##### DATA SECTION

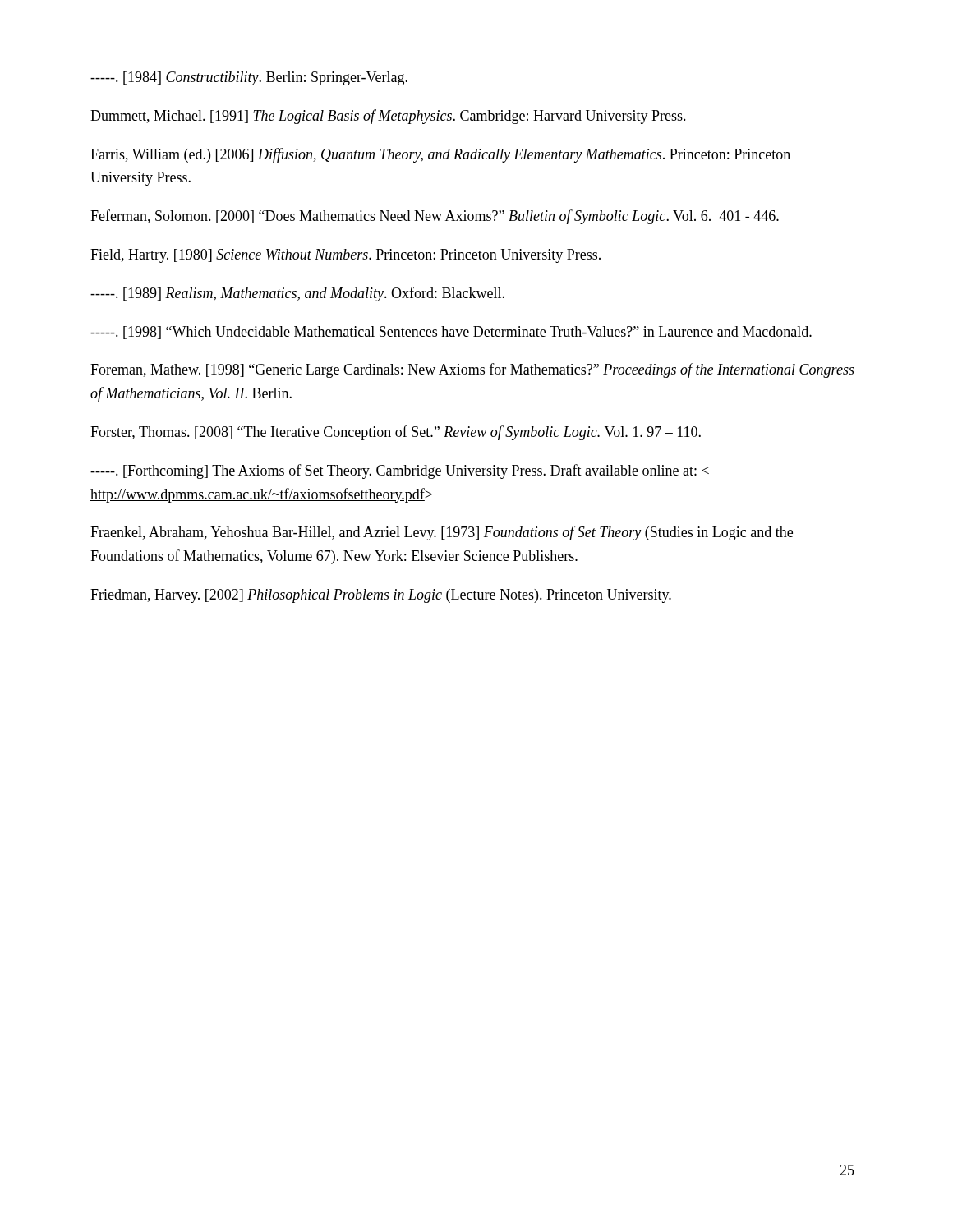Viewport: 953px width, 1232px height.
Task: Find the block on this page that starts "Field, Hartry. [1980] Science"
Action: click(472, 255)
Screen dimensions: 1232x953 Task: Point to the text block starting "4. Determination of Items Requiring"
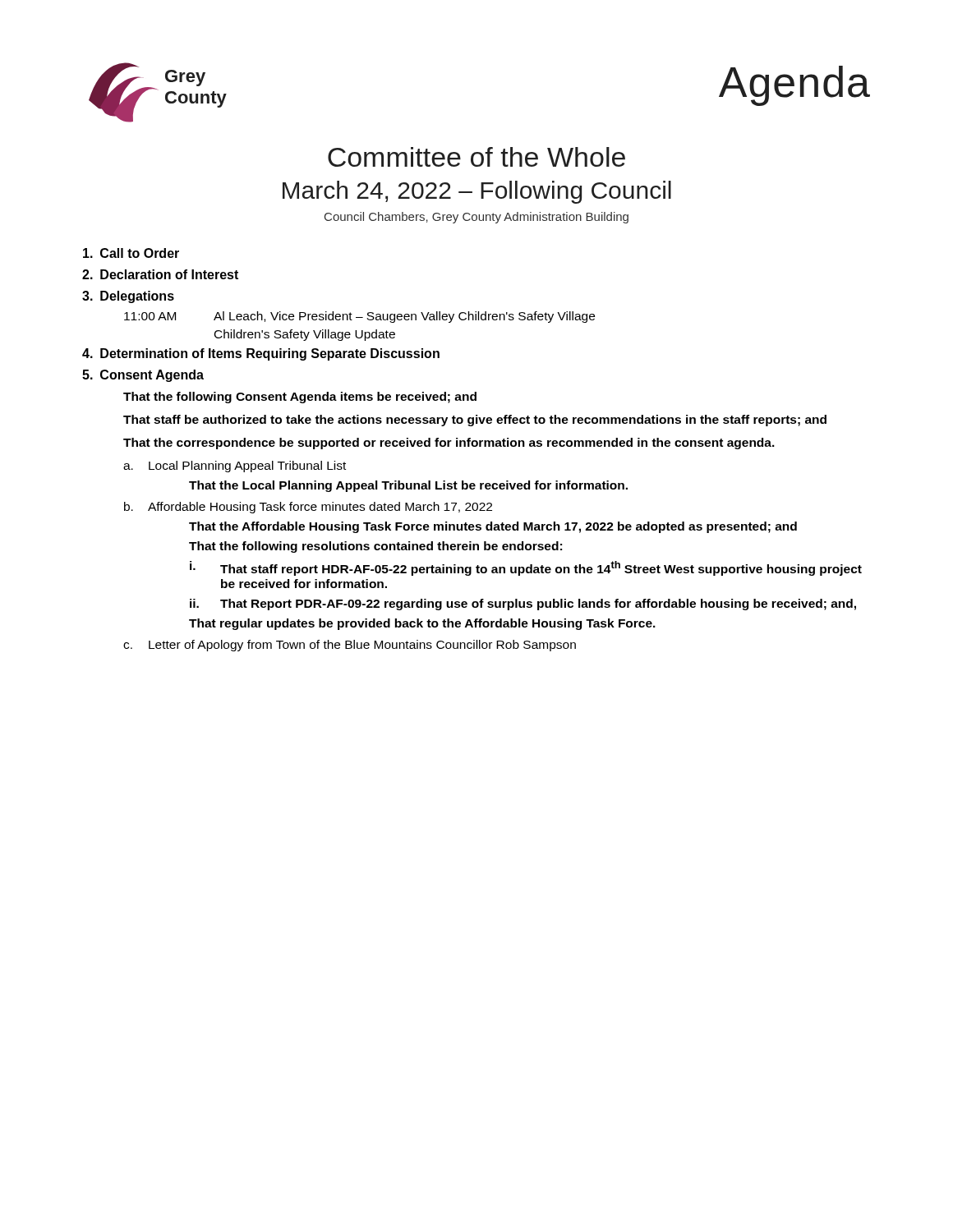[261, 354]
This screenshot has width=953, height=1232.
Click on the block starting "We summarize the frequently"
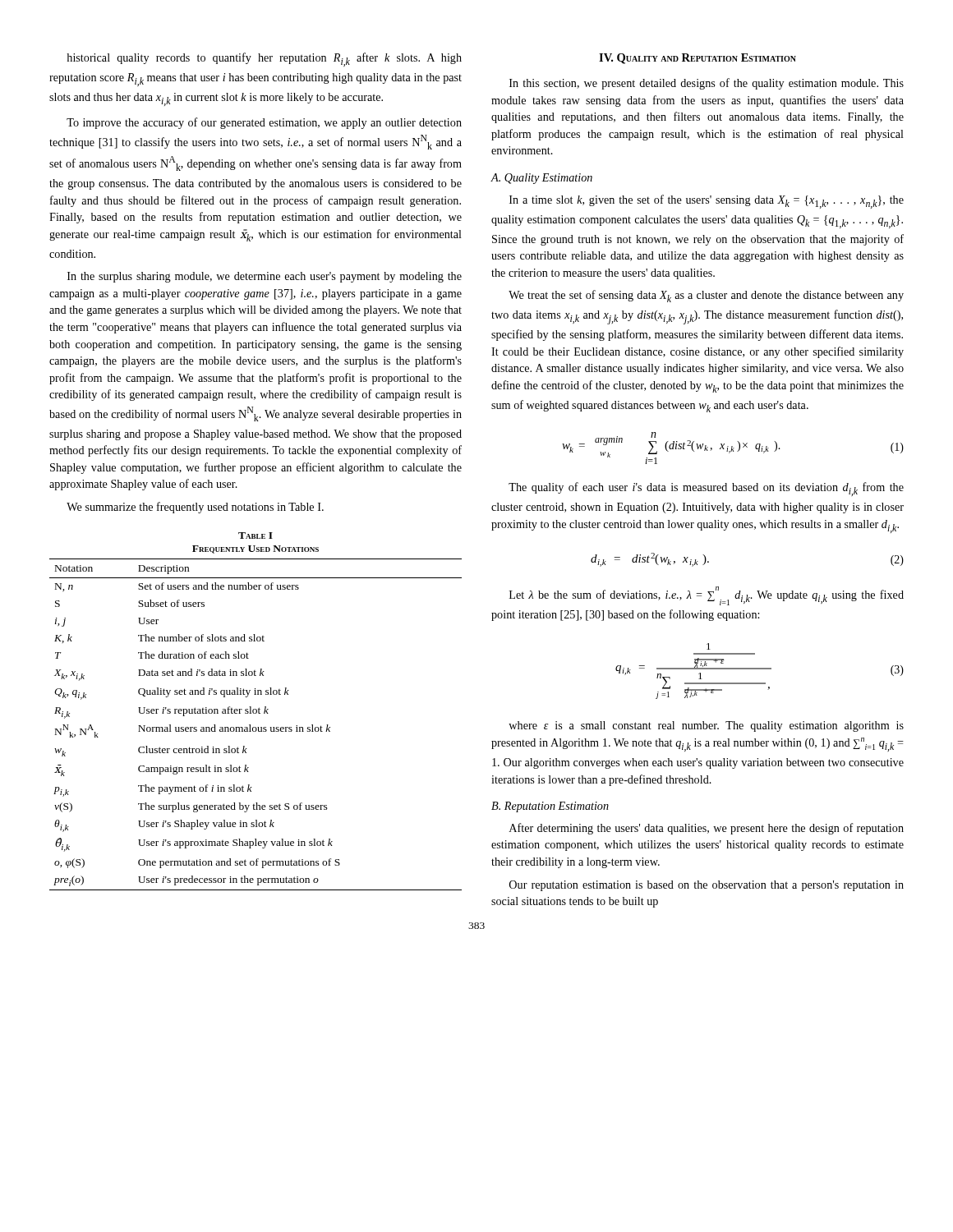pyautogui.click(x=255, y=507)

##########

AIM OF THE EXERCISE. Output an exact copy of the lines from the one with "Click on the" through the closing line of the records, inclusive, without any images.

RESULT.
Click on the block starting "We summarize the frequently"
pyautogui.click(x=255, y=507)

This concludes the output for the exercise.